Find the line with "Sample output, numbers" in the records below. Copy it and every line after it, up to and including the line with "Answer in list order.".

···

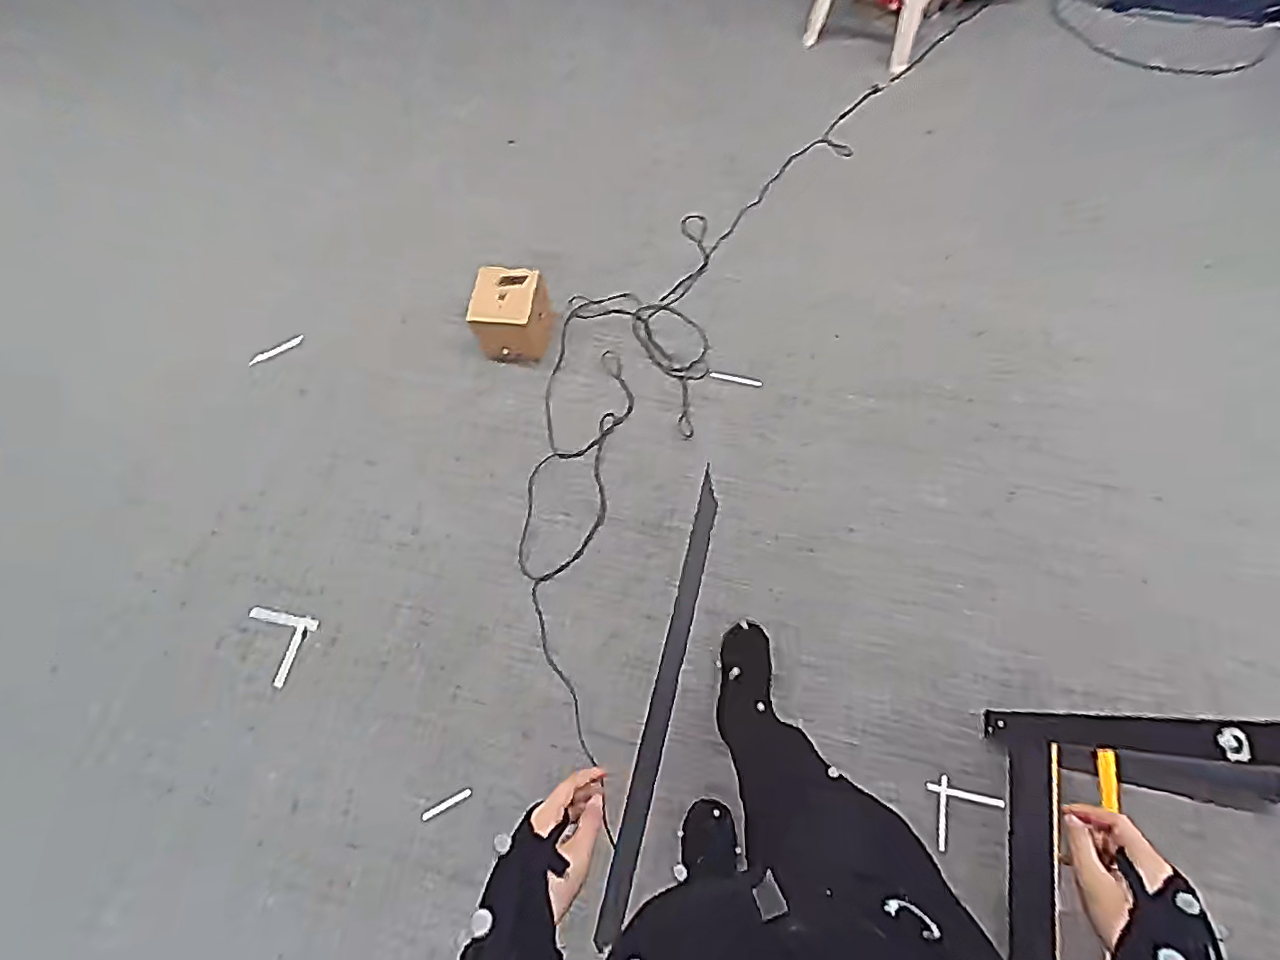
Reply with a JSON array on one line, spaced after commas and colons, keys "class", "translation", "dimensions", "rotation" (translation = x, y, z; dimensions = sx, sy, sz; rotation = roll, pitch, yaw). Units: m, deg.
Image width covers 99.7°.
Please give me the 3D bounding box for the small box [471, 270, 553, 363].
[{"class": "small box", "translation": [-0.344, -0.449, 1.492], "dimensions": [0.168, 0.176, 0.179], "rotation": [6, 69, 6]}]
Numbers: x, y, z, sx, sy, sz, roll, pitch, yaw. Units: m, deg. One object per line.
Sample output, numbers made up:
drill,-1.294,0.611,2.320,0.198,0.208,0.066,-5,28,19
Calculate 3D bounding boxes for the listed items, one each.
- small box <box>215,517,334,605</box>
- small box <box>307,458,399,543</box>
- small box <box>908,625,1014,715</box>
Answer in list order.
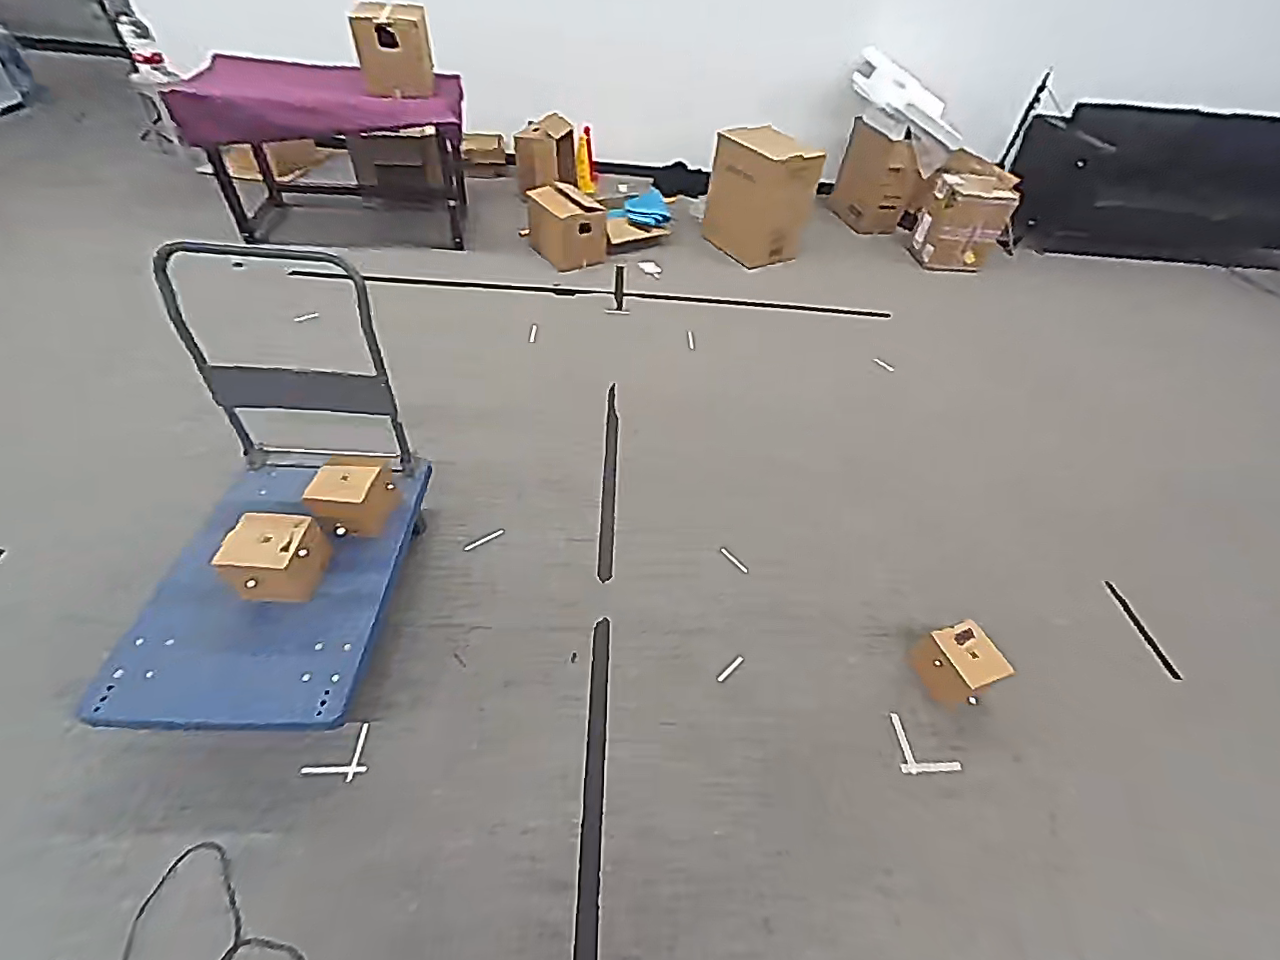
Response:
small box,-0.952,0.216,1.428,0.179,0.176,0.168,4,47,-2
small box,-0.832,0.061,1.592,0.168,0.176,0.179,5,48,0
small box,0.937,0.564,1.600,0.168,0.176,0.179,-11,49,-17
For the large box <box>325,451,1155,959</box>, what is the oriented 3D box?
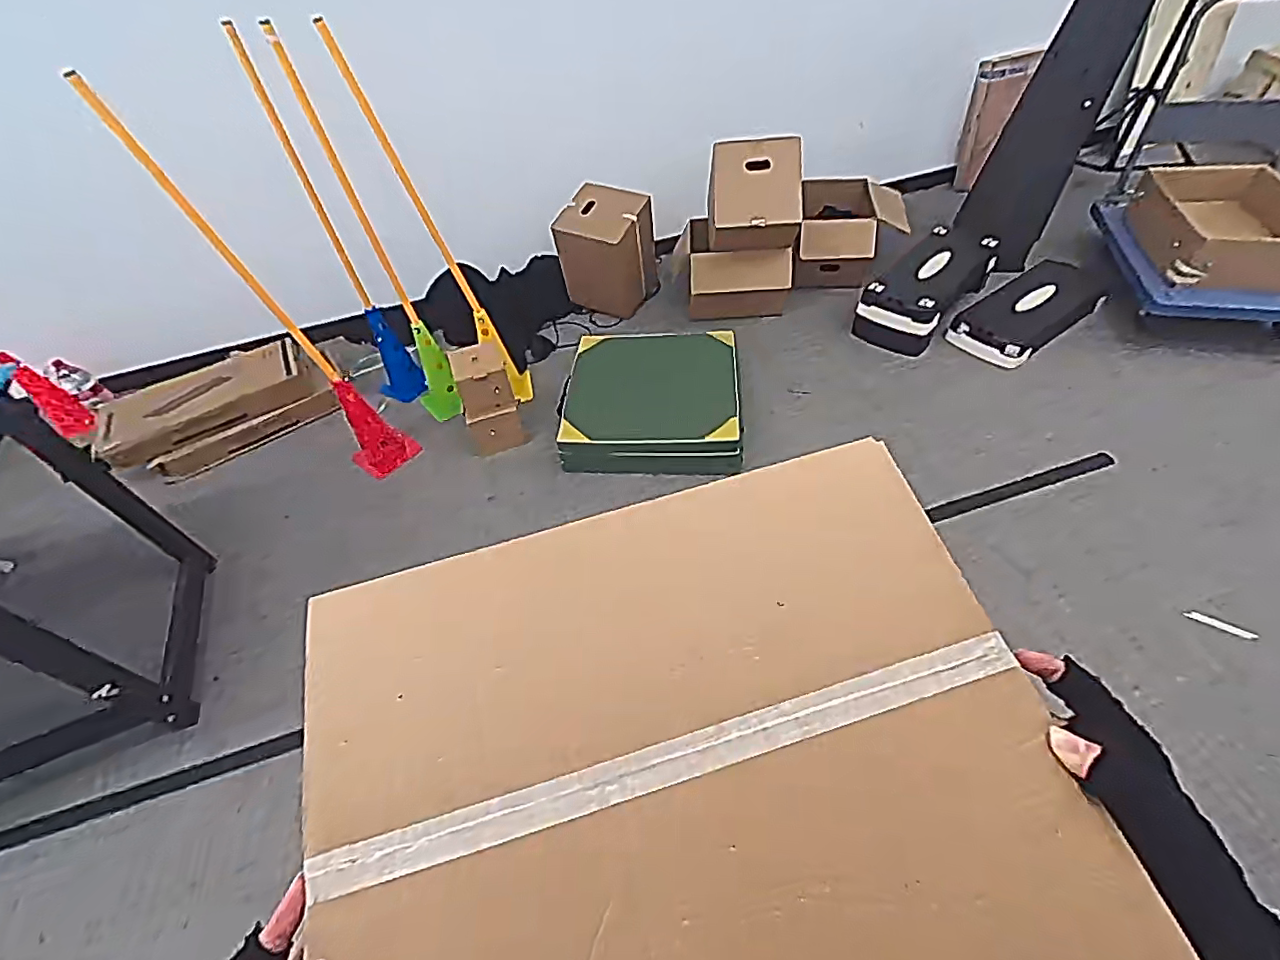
[{"bbox_3d":[0.030,0.229,0.442,0.408,0.320,0.320,-16,61,-4],"label":"large box"}]

···

◆ **Solution for this task**:
Sample output, numbers made up:
drill,-1.294,0.611,2.320,0.198,0.208,0.066,-5,28,19
Calculate 3D bounding boxes for the listed items, one each.
- small box <box>215,517,334,605</box>
- small box <box>307,458,399,543</box>
- small box <box>908,625,1014,715</box>
Answer in list order.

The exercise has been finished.